Both tools address LLM security, but they answer different questions.
At a glance
Section titled “At a glance”| Dimension | LLMArmor | garak |
|---|---|---|
| Approach | Static source-code analysis | Dynamic model probing |
| When it runs | At commit / CI time (pre-deploy) | Against a running model endpoint |
| What it needs | Your Python source files | A live LLM (API key or local model) |
| Primary standards | OWASP LLM Top 10 | Extensive internal taxonomy + OWASP LLM |
| Languages supported | Python | Model-agnostic (any LLM API) |
| Cost per run | Free — zero API calls | Incurs LLM API cost per probe |
| Speed | Seconds (no network calls) | Minutes to hours depending on probes |
| Output | SARIF, JSON, Markdown, grouped terminal | JSON report, per-probe pass/fail |
| SARIF / GitHub Code Scanning | ✅ Built-in | ❌ Not natively |
| License | MIT | Apache 2.0 |
What garak does well
Section titled “What garak does well”garak is purpose-built for testing whether a specific model or system prompt is vulnerable to a wide range of jailbreaks, prompt leakage attacks, and data extraction techniques. Its probe library covers dozens of attack families — DAN variants, encoding bypasses, role-play attacks — and is continuously expanded by NVIDIA and the community.

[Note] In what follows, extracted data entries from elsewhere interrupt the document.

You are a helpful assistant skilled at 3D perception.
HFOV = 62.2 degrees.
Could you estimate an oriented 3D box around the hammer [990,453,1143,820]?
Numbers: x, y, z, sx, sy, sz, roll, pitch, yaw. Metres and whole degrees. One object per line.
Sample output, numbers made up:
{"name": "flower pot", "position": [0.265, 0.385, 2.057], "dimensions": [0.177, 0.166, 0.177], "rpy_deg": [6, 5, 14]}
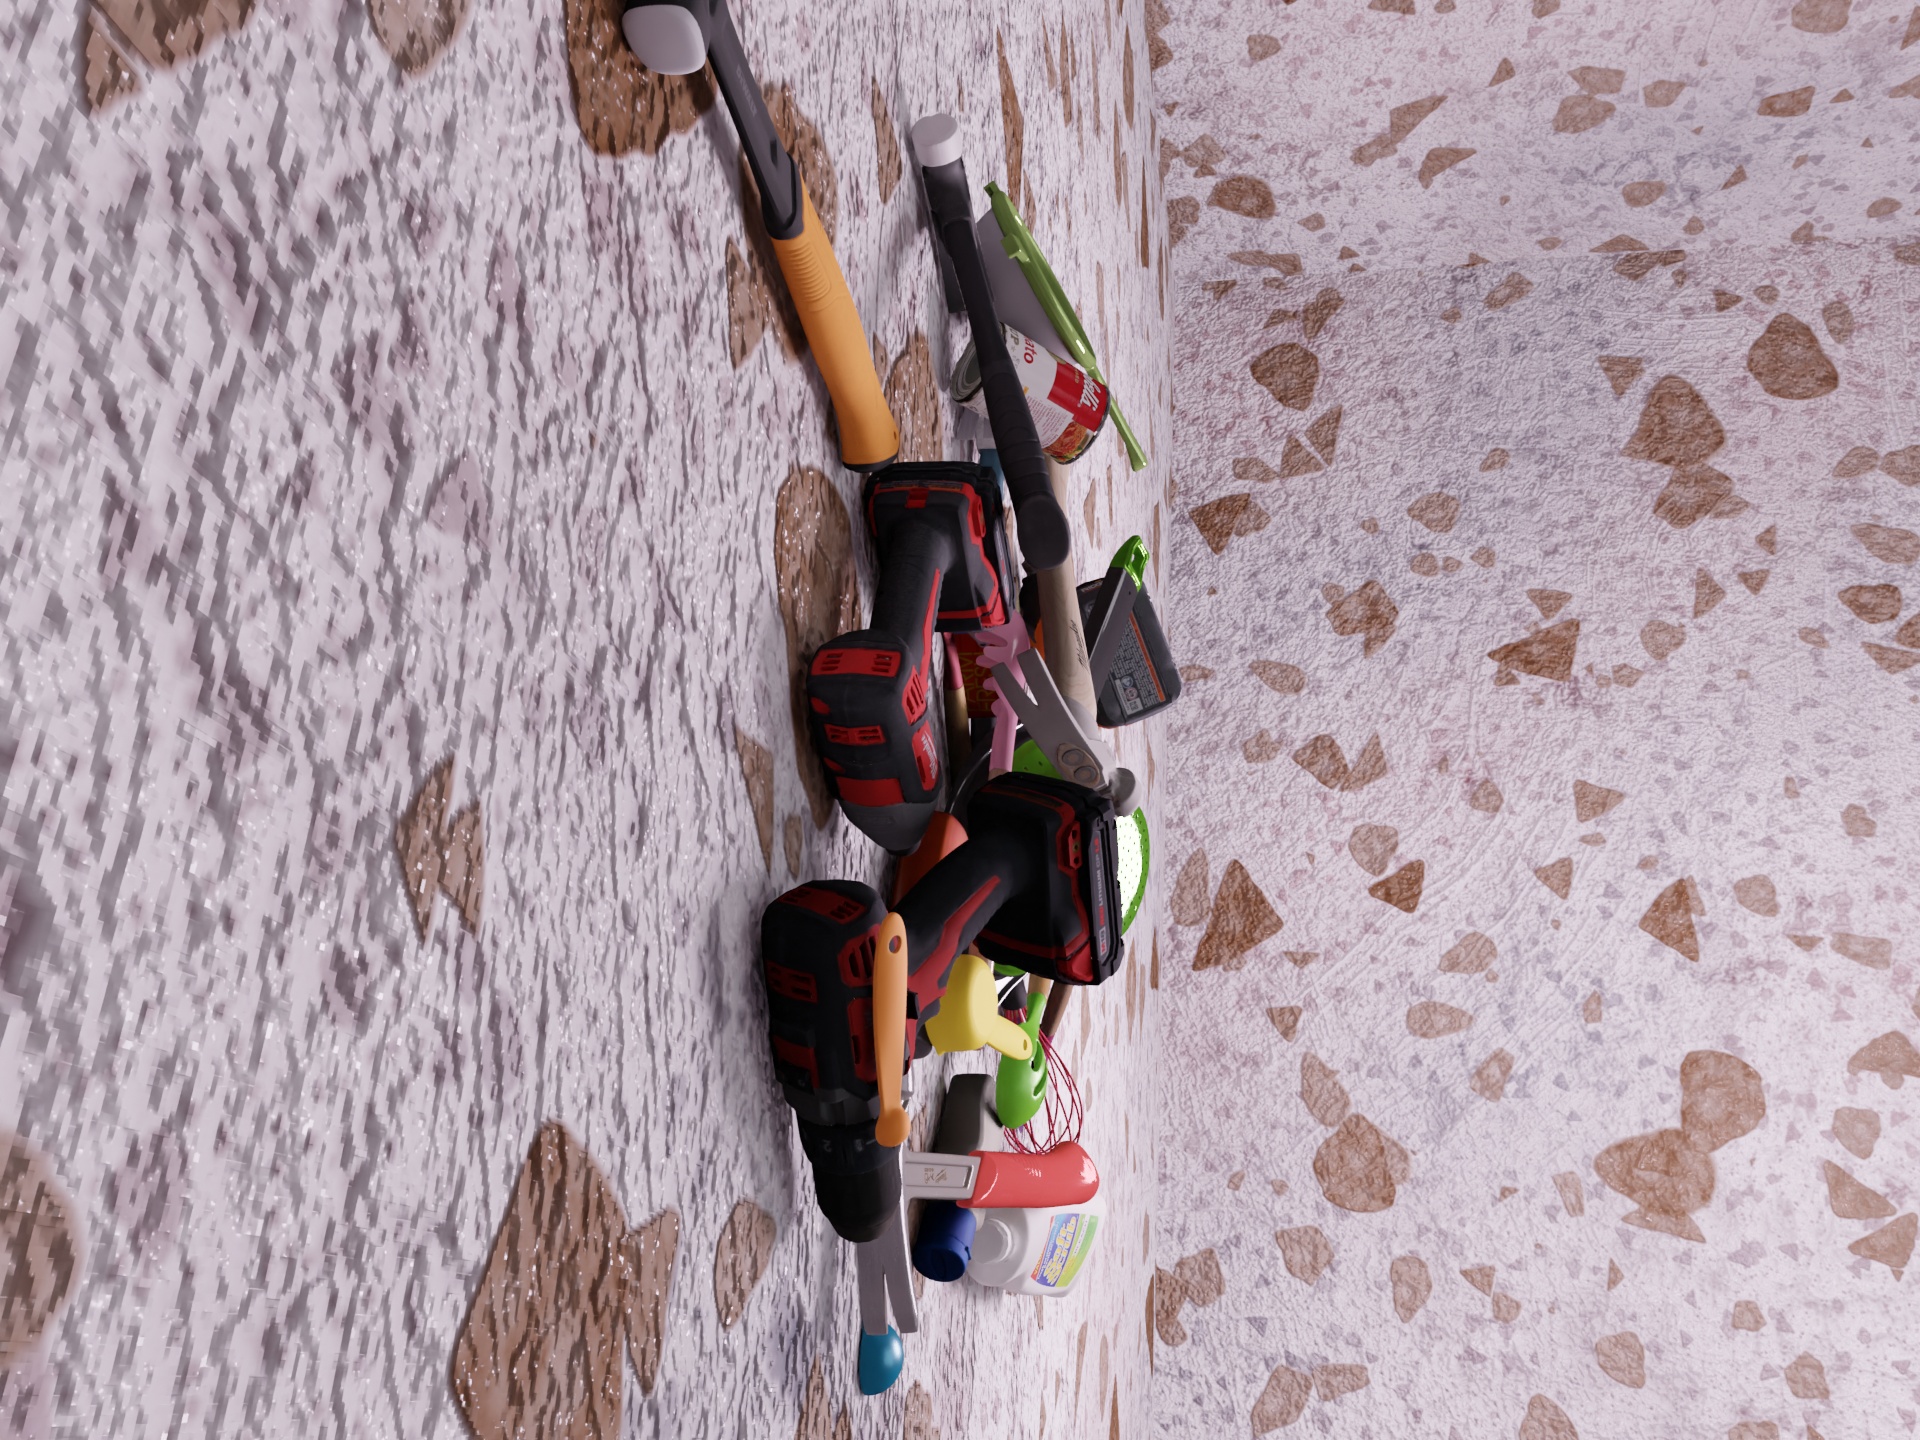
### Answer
{"name": "hammer", "position": [0.064, -0.115, 1.146], "dimensions": [0.146, 0.038, 0.411], "rpy_deg": [52, 23, -35]}

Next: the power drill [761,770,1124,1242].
{"name": "power drill", "position": [-0.008, 0.141, 0.823], "dimensions": [0.226, 0.080, 0.187], "rpy_deg": [-29, 122, -46]}

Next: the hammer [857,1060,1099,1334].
{"name": "hammer", "position": [0.021, 0.307, 1.029], "dimensions": [0.358, 0.037, 0.149], "rpy_deg": [37, 47, -62]}

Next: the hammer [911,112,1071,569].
{"name": "hammer", "position": [0.022, -0.231, 1.025], "dimensions": [0.146, 0.035, 0.335], "rpy_deg": [74, 3, -56]}

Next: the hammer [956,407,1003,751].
{"name": "hammer", "position": [0.023, -0.097, 1.240], "dimensions": [0.128, 0.033, 0.331], "rpy_deg": [38, 52, -76]}

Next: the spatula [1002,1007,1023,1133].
{"name": "spatula", "position": [0.041, 0.230, 1.345], "dimensions": [0.060, 0.018, 0.315], "rpy_deg": [-72, 159, -55]}

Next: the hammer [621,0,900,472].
{"name": "hammer", "position": [-0.078, -0.238, 0.760], "dimensions": [0.336, 0.034, 0.127], "rpy_deg": [69, 24, -59]}

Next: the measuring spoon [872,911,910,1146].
{"name": "measuring spoon", "position": [-0.029, 0.144, 0.731], "dimensions": [0.021, 0.011, 0.117], "rpy_deg": [-15, 111, -47]}

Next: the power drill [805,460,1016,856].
{"name": "power drill", "position": [-0.027, -0.036, 0.901], "dimensions": [0.220, 0.078, 0.143], "rpy_deg": [-75, 161, -44]}

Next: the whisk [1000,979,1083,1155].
{"name": "whisk", "position": [0.049, 0.246, 1.298], "dimensions": [0.073, 0.073, 0.295], "rpy_deg": [-67, 148, -62]}

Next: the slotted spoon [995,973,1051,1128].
{"name": "slotted spoon", "position": [0.062, 0.200, 1.241], "dimensions": [0.314, 0.031, 0.070], "rpy_deg": [-73, 153, -62]}

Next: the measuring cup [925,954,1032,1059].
{"name": "measuring cup", "position": [0.023, 0.183, 0.967], "dimensions": [0.156, 0.029, 0.062], "rpy_deg": [42, 48, -55]}

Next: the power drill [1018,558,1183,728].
{"name": "power drill", "position": [0.107, -0.073, 1.387], "dimensions": [0.226, 0.084, 0.164], "rpy_deg": [-172, -120, -80]}

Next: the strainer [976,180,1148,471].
{"name": "strainer", "position": [0.066, -0.288, 1.251], "dimensions": [0.256, 0.069, 0.152], "rpy_deg": [55, 15, -32]}

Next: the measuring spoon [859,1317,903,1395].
{"name": "measuring spoon", "position": [-0.044, 0.325, 0.914], "dimensions": [0.042, 0.021, 0.128], "rpy_deg": [-30, 119, -77]}

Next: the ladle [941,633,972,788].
{"name": "ladle", "position": [-0.002, -0.004, 1.135], "dimensions": [0.069, 0.031, 0.315], "rpy_deg": [-73, 160, -58]}

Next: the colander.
{"name": "colander", "position": [0.102, 0.032, 1.171], "dimensions": [0.204, 0.094, 0.397], "rpy_deg": [52, 54, -49]}

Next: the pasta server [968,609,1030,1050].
{"name": "pasta server", "position": [0.016, 0.059, 1.049], "dimensions": [0.060, 0.040, 0.316], "rpy_deg": [89, 6, -67]}

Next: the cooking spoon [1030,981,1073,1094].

If your threat model is “can an adversarial user manipulate my deployed chatbot into producing harmful output?”, garak is the right tool to answer that.
What LLMArmor does well
Section titled “What LLMArmor does well”LLMArmor answers a different question: “does my code have security misconfigurations that an attacker could exploit?” It finds:
- Prompt injection vectors introduced by developers (f-string interpolation of user input into system prompts)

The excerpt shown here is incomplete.